Хотя я и не приветствую строгого разделения людей по этническому признаку, было бы неправильно полностью избегать такой темы, как культурные различия и интроверсия. Выходцам из стран Азии свойственно много культурных и личностных особенностей, и остальная часть мира может и должна взять их на вооружение. На протяжении десятилетий ученые изучали культурные различия разных типов личности, особенно между представителями восточной и западной культуры. В частности, объектом изучения стал такой аспект, как интроверсия и экстраверсия — эти личностные характеристики психологи считают явно выраженными и поддающимися измерению во всем мире. И это говорят психологи, не способные прийти к единому мнению практически ни по одному вопросу, касающемуся систематизации параметров человеческой личности!

Результаты этих исследований во многом подтверждают выводы, сделанные на основании анализа карты Маккрея. В частности, в ходе сравнительного исследования поведения детей из Шанхая и Онтарио в возрасте от 8 до 10 лет было установлено, что в Канаде застенчивых и чувствительных детей избегают, а в Китае они пользуются популярностью у сверстников{9}. Кроме того, в Китае такие дети чаще становятся лидерами. Чувствительных и немногословных китайских детей называют «dongshi» («понимающий») — и это слово считается похвалой.

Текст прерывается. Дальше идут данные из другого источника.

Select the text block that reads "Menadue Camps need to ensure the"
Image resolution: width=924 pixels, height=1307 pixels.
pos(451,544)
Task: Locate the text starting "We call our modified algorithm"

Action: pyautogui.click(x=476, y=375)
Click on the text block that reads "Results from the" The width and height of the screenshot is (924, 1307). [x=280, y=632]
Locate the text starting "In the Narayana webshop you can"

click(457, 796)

Китайские ученики средних школ рассказывают исследователям о том, что предпочитают иметь друзей скромных и бескорыстных, честных и трудолюбивых{10}. Американские же школьники предпочитают веселых, полных энтузиазма, общительных друзей. «Какой поразительный контраст! — пишет Майкл Харрис Бонд, кросс-культурный психолог, специалист по Китаю. — Американцы придают особое значение общительности и похвально отзываются о тех качествах, которые способствуют легкому, радостному общению. Китайцы подчеркивают значение более глубоких личностных качеств, обращая особое внимание на добродетели и достижения».

В ходе еще одного исследования американцев азиатского и европейского происхождения попросили вслух размышлять над решением логических задач{11}. По результатам исследования было установлено, что выходцы из Азии гораздо лучше справляются с заданиями, когда им разрешают делать это молча. Напротив, представители белой расы показывают более высокие результаты, озвучивая процесс решения.

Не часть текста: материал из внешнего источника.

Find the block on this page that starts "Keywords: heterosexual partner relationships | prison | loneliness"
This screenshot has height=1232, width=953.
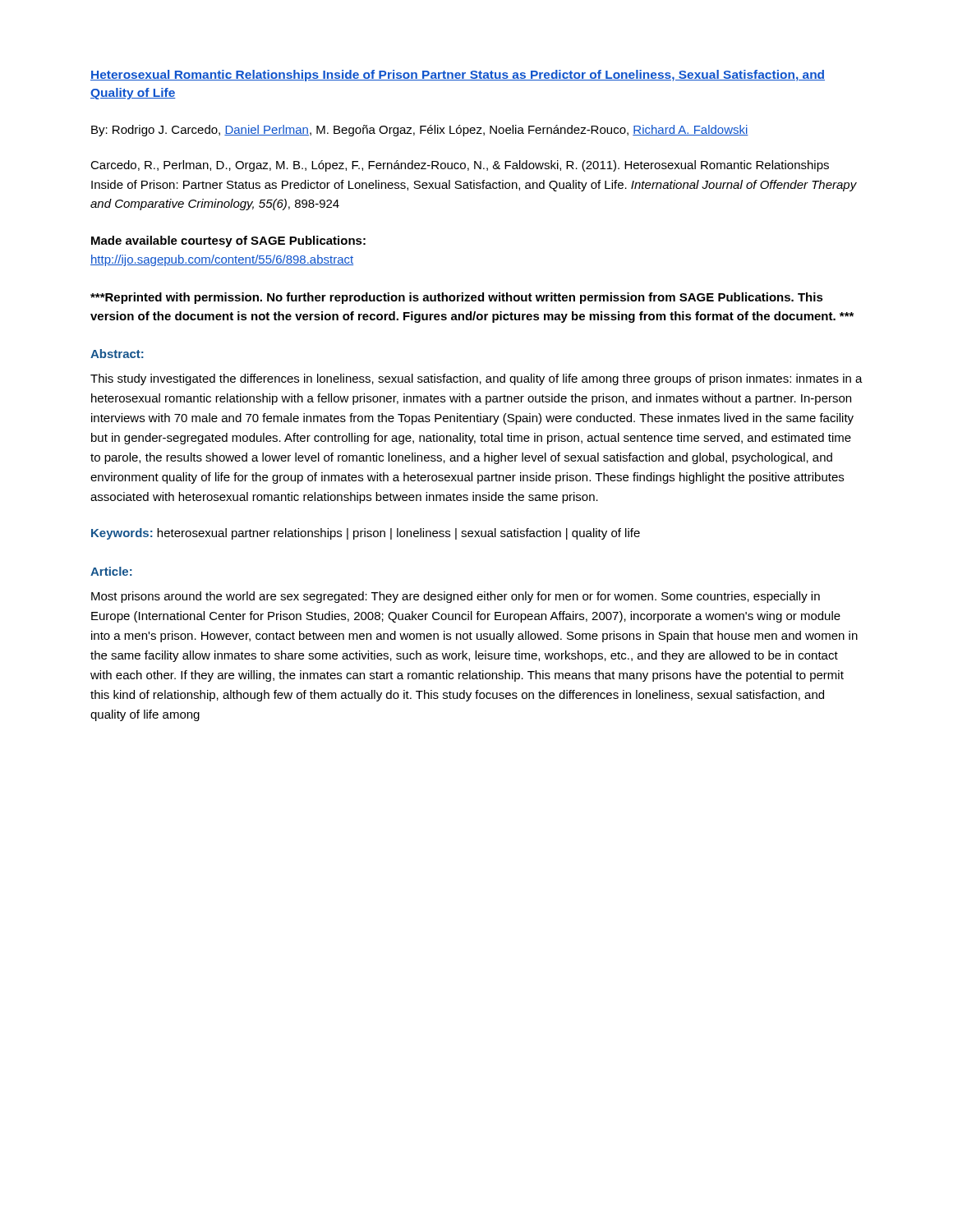365,533

Результаты этого исследования не показались неожиданными тем, кто знаком с отношением жителей Азии к произнесенному слову: речь предназначена для того, чтобы передавать информацию тому, кому ее нужно знать{12}. Спокойствие и самонаблюдение — это символы глубокомыслия и высшей истины. Слова — потенциально опасное оружие, поскольку они раскрывают то, что лучше было бы оставить невысказанным. Они ранят других людей, могут создать проблемы и тому, кто их произносит. Рассмотрим в качестве примера следующие восточные пословицы:

Ветер дует, а горы стоят (японская пословица).

Тот, кто знает, не говорит, а кто говорит — не знает (Лао Цзы, «Путь Лао-Цзы»).

Хотя я и не делаю особых попыток строго соблюдать молчание, жизнь в одиночестве сама по себе заставляет меня воздерживаться от речи (Камо-но Тёмей, японский отшельник XII столетия){13}.

Сравните эти пословицы с западными изречениями:

Овладей мастерством речи, чтобы быть сильным, поскольку сила человека — в его языке, а речь — могущественнее битвы (максимы Птаххотепа, 2400 до н. э.).

Речь — воплощение культуры… Слово, если даже оно противоречиво, связывает… А бессловесность обрекает на одиночество (Томас Манн)[53].

Скрипучее колесо получает больше смазки.

Что стоит за столь существенными различиями этих позиций? Во-первых, уважение к образованию, широко распространенное среди выходцев из Азии, особенно из стран «конфуцианского пояса»: Китай, Япония, Корея и Вьетнам. В некоторых китайских деревнях по сей день стоят статуи учеников, которые сотни лет назад успешно сдали экзамены на высшее ученое звание — «цзинши» — во времена династии Мин{14}. Получить такое признание намного легче, если вы (как некоторые дети из Купертино) посвятите все свое свободное время учебе.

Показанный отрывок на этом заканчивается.